Image may contain Food and Mashed Potato
Potato Parsnip PuréeSang An
Cooks' note:

Potato parsnip purée can be made 1 day ahead and chilled in a baking dish, covered. Bring to room temperature and reheat, covered, in a preheated 450°F oven until hot, about 20 minutes, or in a microwave.

Recipe information

  • Yield

    Makes 8 to 10 servings

Ingredients

2 pounds parsnips, peeled and cut into 1-inch pieces
2 pounds russet (baking) potatoes, peeled and cut into 2-inch pieces
1 tablespoon plus 1/2 teaspoon salt
1 cup heavy cream
1/2 stick (1/4 cup) unsalted butter
1/4 teaspoon black pepper

Special Equipment

a potato ricer or a food mill fitted with medium disk

Preparation

  1. Step 1

    Cover parsnips and potatoes with cold water by 1 inch in a 6- to 8-quart pot, then add 1tablespoon salt and bring to a boil, partially covered.
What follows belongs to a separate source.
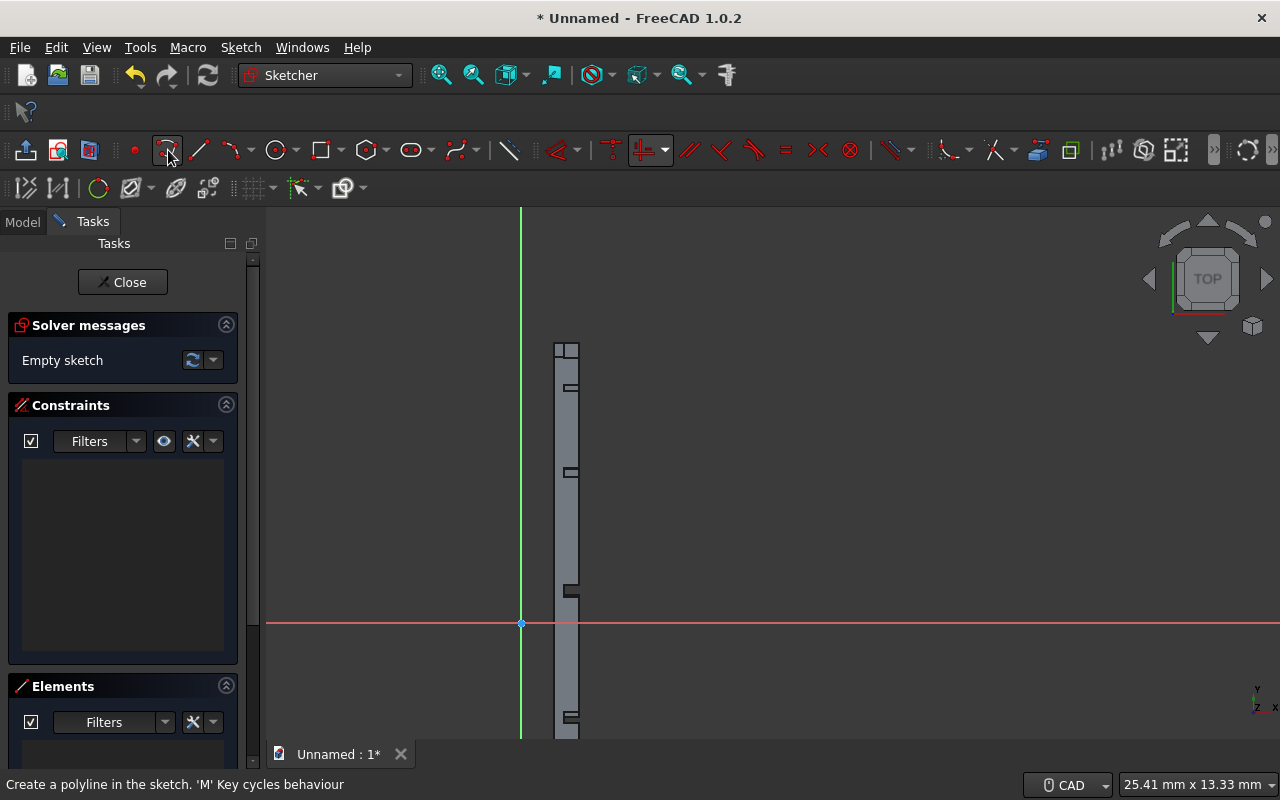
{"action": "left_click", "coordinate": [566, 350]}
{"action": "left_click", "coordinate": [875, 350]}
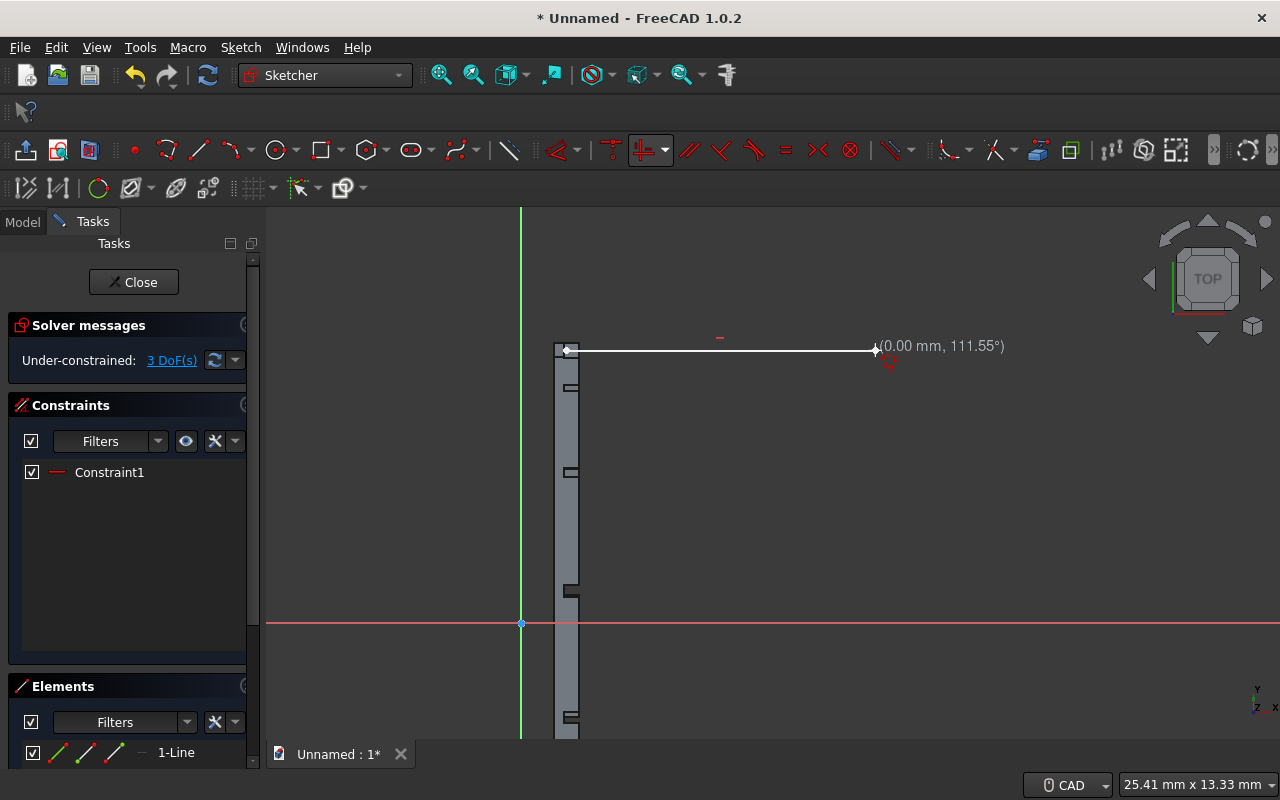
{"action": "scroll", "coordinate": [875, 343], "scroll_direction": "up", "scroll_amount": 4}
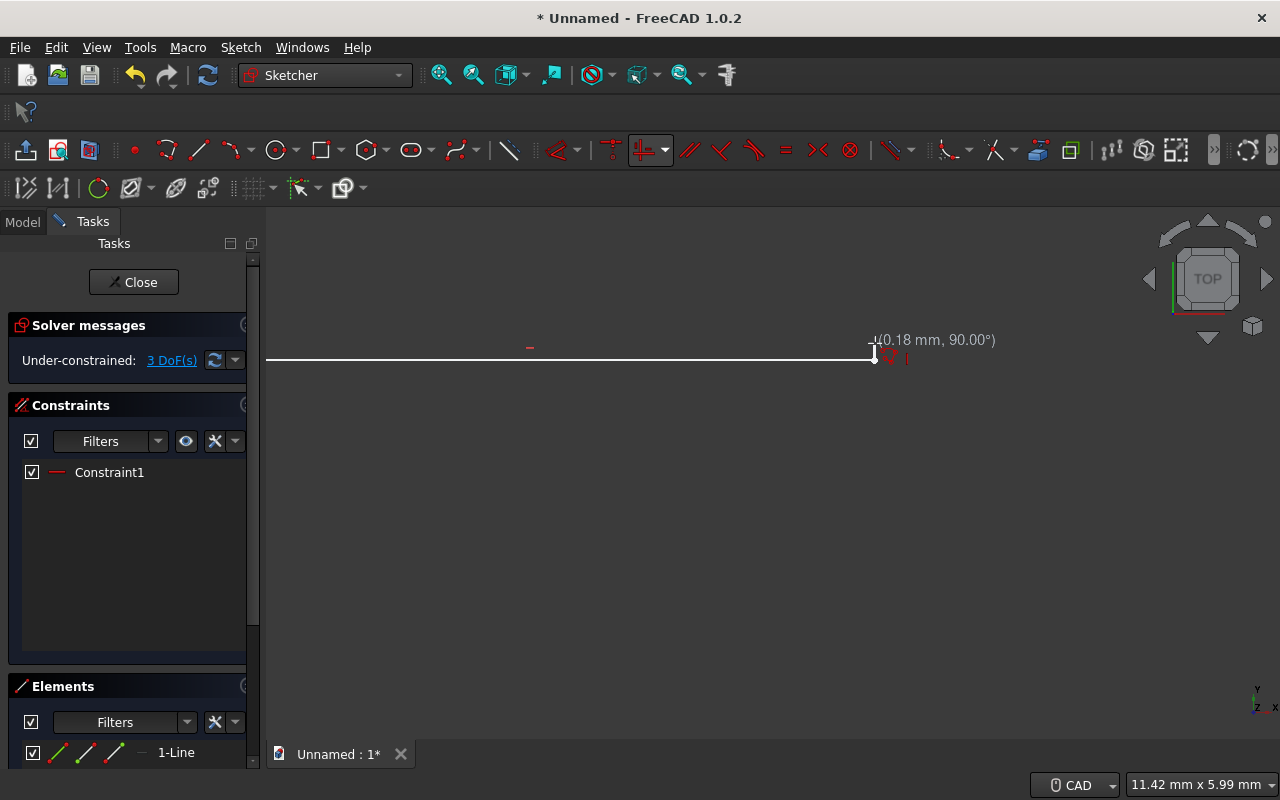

Reduce heat and simmer vegetables, partially covered, until very tender but not falling apart, 30 to 40 minutes.

    Step 2

    Meanwhile, bring cream, butter, pepper, and remaining 1/2 teaspoon salt to a simmer in 4-quart heavy pot over moderate heat.

    Step 3

    Drain vegetables in a colander. Force warm vegetables through ricer into cream mixture, then stir to combine well.